How do I ensure 'stop' word are not picked up in my searches


(william crawley) #1

HI All,

I have created the following index:

    put newsindex
{
  "settings" : {
    "number_of_shards":3,
    "number_of_replicas":2,
    "analysis": {
 "filter": {
     "my_stop": {
         "type":      "stop",
        "stopwords":  "_english_"
     }
 }
        }
  },
  "mappings" : {
    "news": {
      "properties": {
        "newsid": {
          "type": "integer"
        },
        "newstype": {
          "type": "text"
        },
        "bodytext": {
          "type": "text"
        },
        "caption": {
          "type": "text"
        },
        "headline": {
          "type": "text"
        },
        "approved": {
          "type": "text"
    },
"author": {
  "type": "text"
},
"contact": {
  "type": "text"
},
"datecreated": {
  "type": "date",
  "format": "date_time"
},
"datesubmitted": {
  "type": "date",
  "format": "date_time"
},
"lastmodifieddate": {
  "type": "date",
  "format": "date_time"
}
  }
}
  }
}

Now when I perform a query, if I just use stop words such as

'is', 'it', 'the'

on their own in the search nothing is returned as expected.
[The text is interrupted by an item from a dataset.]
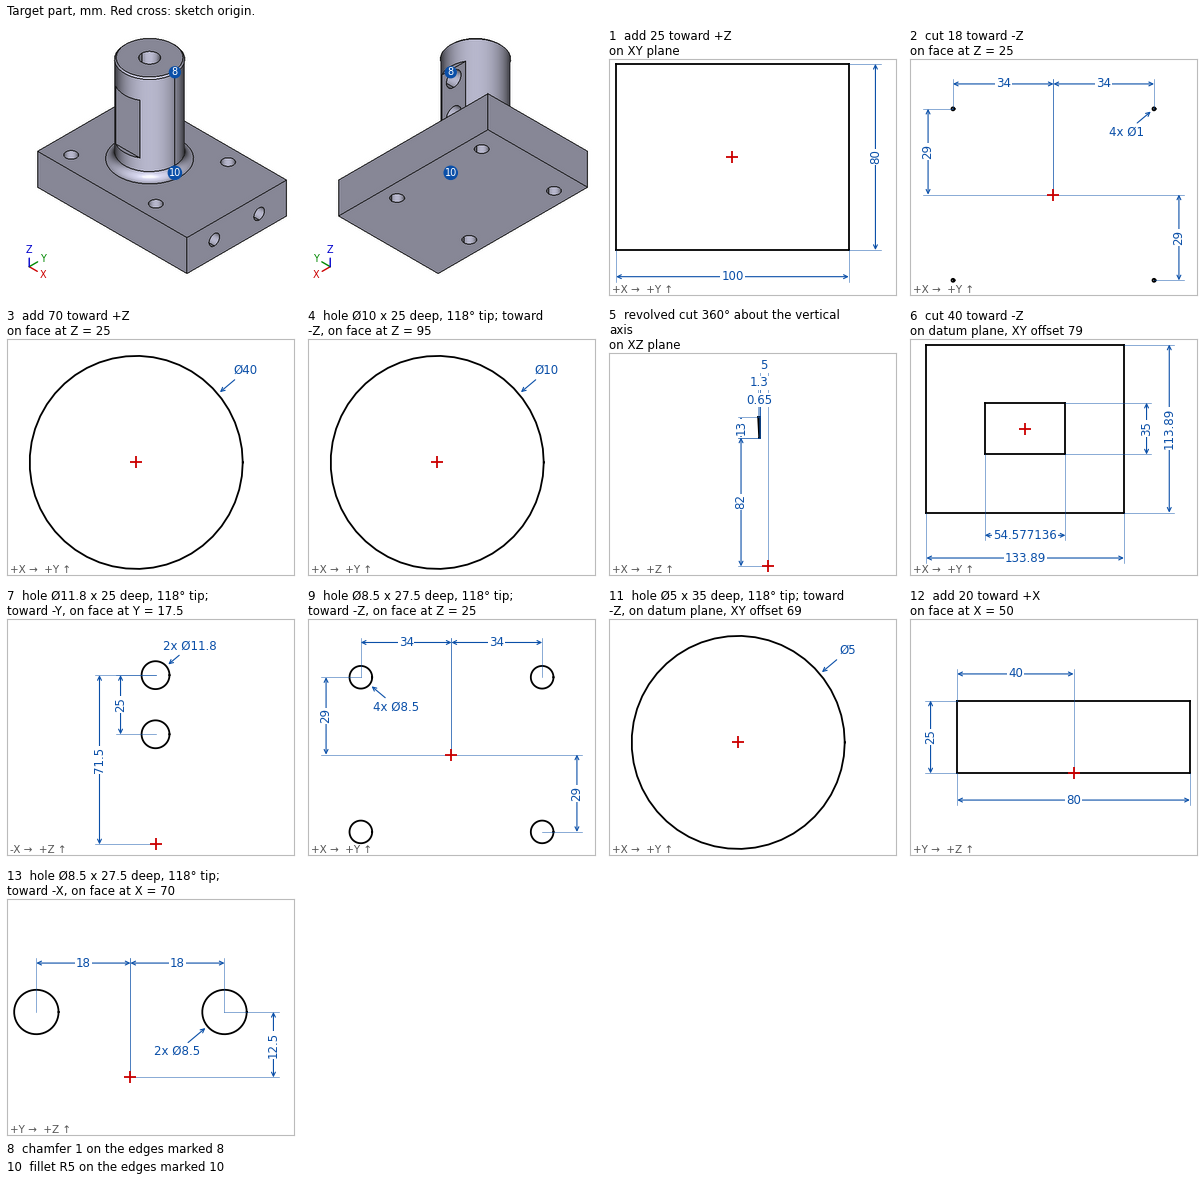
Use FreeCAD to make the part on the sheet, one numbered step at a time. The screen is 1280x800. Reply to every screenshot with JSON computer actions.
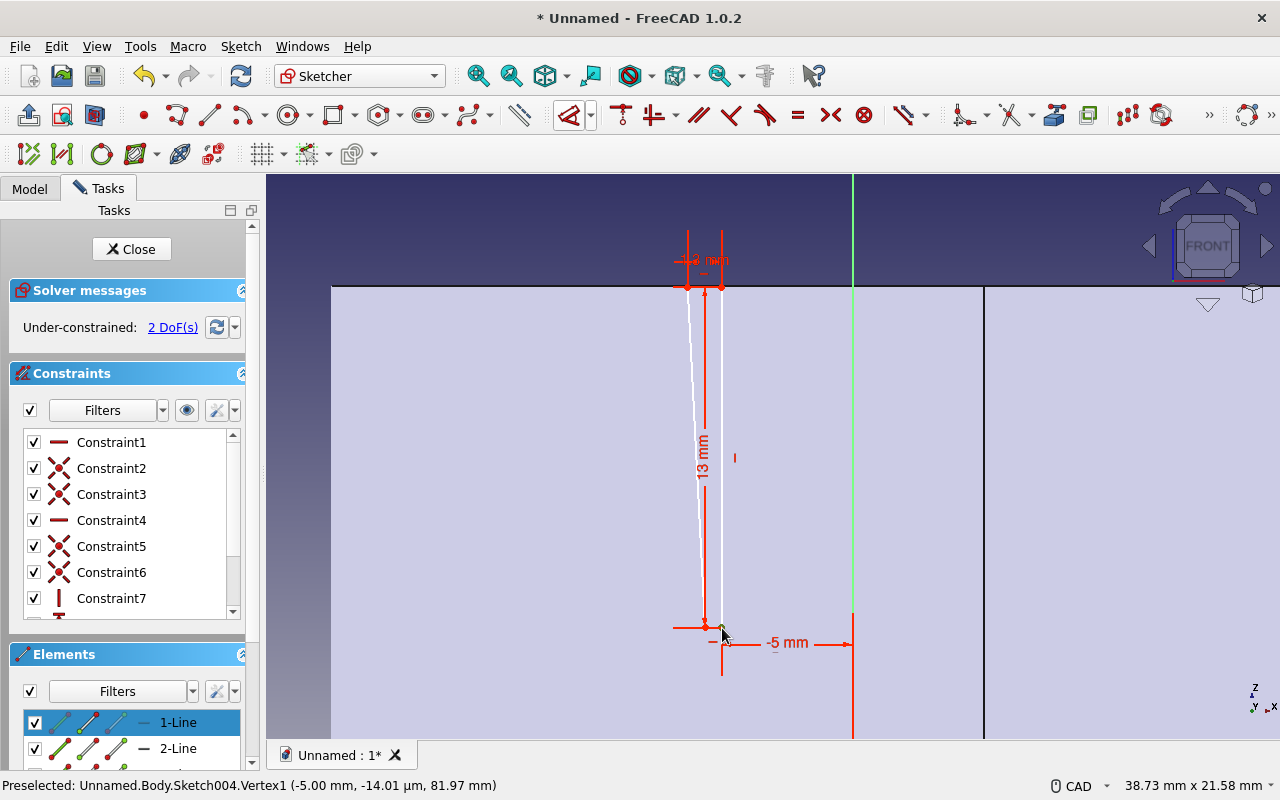
{"action": "key", "text": "i"}

However, if I use a stop word with a non-stop word, then anything with the stop word will be returned along with those that have my non-stop word. so if I query against 'is finished' I have returned anything with 'is finished', 'finished' and 'is'. How do I stop those documents with just 'is' in them from being returned.


(David Pilato) #2

Could you provide a full recreation script as described in

It will help to better understand what you are doing.
Please, try to keep the example as simple as possible.


(william crawley) #3

I've amended my question to show how the index has been created. Using Kibana it's infact worse than I thought. In my app I am building up a wildcard search, but for a simple test in Kibana I did the following and thousands of hits were returned when I expected zero.

get newsindex/_search
{
  "query": { "query": {
    "bodytext": "and"
  } }
}

(David Pilato) #4

Could you try with GET and not get?

A full example would help


(william crawley) #5

HI dadoonet.

I tried with GET and it made no difference. I have also placed this up on stackoverflow. I've tried to introduce search analyzers with some strange results trying to get to the root of this problem
question in stackoverflow


(Adrien Grand) #6

The bodytext field does not specify an analyzer, so it is using the default analyzer which does not have stop words. You need to set an analyzer that removes stop words on the bodytext field.


(william crawley) #7

HI jpountz. can you please take a look at my link to stackoverflow my question there is more comprehensive. I have assigned the analyzer to the mapping of the property. When I do that I have even fewer documents returned than expected.


(system) closed #8

This topic was automatically closed 28 days after the last reply. New replies are no longer allowed.